Ich glaube an den Amateurfussball, daran, dass man auf breiter Basis viel mehr Mädchen dazu motivieren sollte, auch mitzutun, daran, dass man wieder Mannschaftsdienlichkeit, Vertrauen und unprätentiös "gearbeiteten" Fussball an die erste, zweite und auch dritte Stelle setzt, dass unsere nationalen Tugenden in diesem Bereich wieder verherrlicht werden. Wenn man es genau nimmt, haben wir die letzte Weltmeisterschaft mit unseren "klassischen" Eigenschaften ins Land geholt, und die davor auch. Der Wert des 50 + 1 darf nicht vom Verband selbst unterspült werden, es sollte nicht endlos die Schraube in Richtung Eventkultur angezogen werden, sonst werden die Spielerberater, die 'Zuchtstationen' in Afrika, Brasilien etc., wo Jungs unter äusserst harten Bedingungen gedrillt werden, ohne dass mehr als ein Bruchteil von ihnen jemals auch nur eine kleine Chance bekommen wird, immer allmächtiger. Es geht dabei auch um erfolgsbesoffe Reporter, die einen Rangnick im Interview sogar die dümmlichen Parolen der Werbeabteilung seines grossen und einzigen Gönners nachplappern lassen, ohne etwas zu hinterfragen. Also um den politisch gewollten Auftrag unseres öffentlich-rechtlichen Systems. Wenn ein Tom Bartels zugleich bei EA-Sports kommentiert, sollte das mit einem öffentlich-rechtlichen Auftrag z.B. wieder unvereinbar sein.

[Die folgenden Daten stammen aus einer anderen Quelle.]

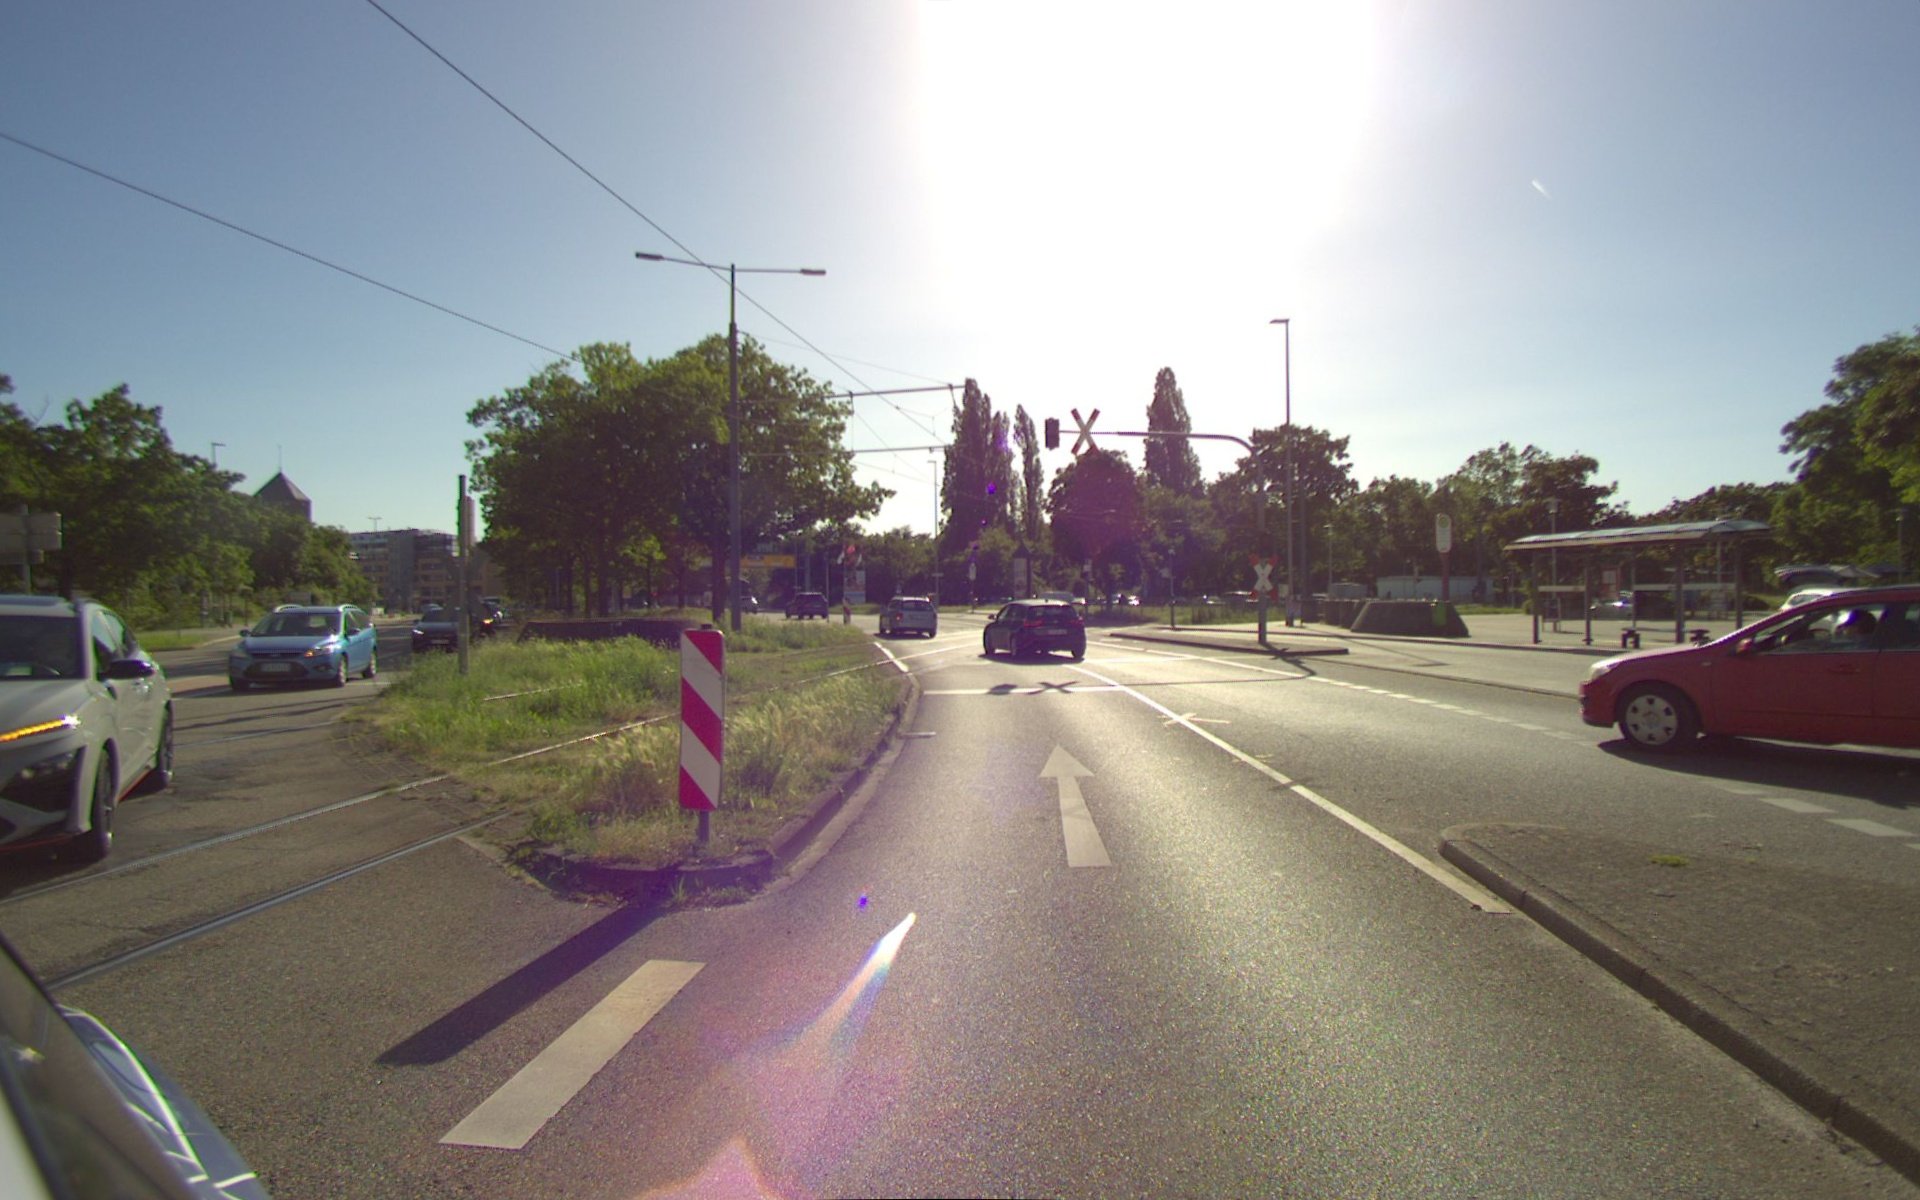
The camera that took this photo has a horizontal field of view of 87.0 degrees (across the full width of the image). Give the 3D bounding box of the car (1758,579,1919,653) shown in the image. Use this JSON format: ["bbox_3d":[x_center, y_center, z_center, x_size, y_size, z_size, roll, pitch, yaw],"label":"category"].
[{"bbox_3d":[20.215,0.309,22.761,1.660,1.519,3.596,-1,0,0],"label":"car"}]

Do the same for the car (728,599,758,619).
[{"bbox_3d":[-19.309,0.791,89.997,1.965,1.674,4.499,-1,0,-21],"label":"car"}]

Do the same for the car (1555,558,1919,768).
[{"bbox_3d":[7.760,0.456,8.358,1.967,1.564,4.495,-1,0,-37],"label":"car"}]

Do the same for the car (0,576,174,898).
[{"bbox_3d":[-6.439,0.695,6.449,1.874,1.564,4.497,-1,0,-33],"label":"car"}]

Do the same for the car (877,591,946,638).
[{"bbox_3d":[-1.930,0.521,38.615,1.967,1.674,4.495,-1,0,-11],"label":"car"}]

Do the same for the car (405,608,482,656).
[{"bbox_3d":[-17.286,1.008,34.056,1.841,1.466,4.499,-1,0,-21],"label":"car"}]

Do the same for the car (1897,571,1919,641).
[{"bbox_3d":[22.693,0.125,21.478,1.773,1.592,4.002,-1,0,-2],"label":"car"}]

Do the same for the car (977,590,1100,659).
[{"bbox_3d":[1.880,0.576,25.915,1.967,1.564,4.495,-1,0,-11],"label":"car"}]

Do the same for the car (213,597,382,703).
[{"bbox_3d":[-12.712,0.868,19.720,1.841,1.789,4.499,-1,0,-21],"label":"car"}]

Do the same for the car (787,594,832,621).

Hier geht es nicht darum, diesem Mann die Kohle nicht zu gönnen. Sondern darum, dass auf einmal jedes von ihm kommentierte Spiel so wirkt, als sei EA-Sports dessen Hauptsponsor. Es kommt nicht drauf an, ob Leute reich oder spinnert sind, einer wie Toni Kroos repräsentiert trotz Millionenverdienst für mich echte Vorbildfunktionen, so wie es auch früher ein Netzer, ein Beckenbauer, ein Matthäus hingekriegt haben. Es muss aber wieder über den Fussball kommen, nicht über die tolle Frise oder die komischen Augenbrauen! Vor allem darf der Fussball im Stadion nicht sterben, dürfen Jahreskarten für bestimmte Clubs nicht eine Art Erkennungsmarke für relativ wenige Gutsituierte sein, während dem die anderen vor halb leeren Rängen vor sich hinvegetieren. Wenn es soweit kommt, werde ich mich definitiv endgültig nur noch an den unteren Ligen orientieren, zum Glück haben wir da ja ein breit gefächertes Angebot. Schon jetzt lösen viele Paarungen in Liga eins in mir kaum noch etwas aus, ehrlich gesagt.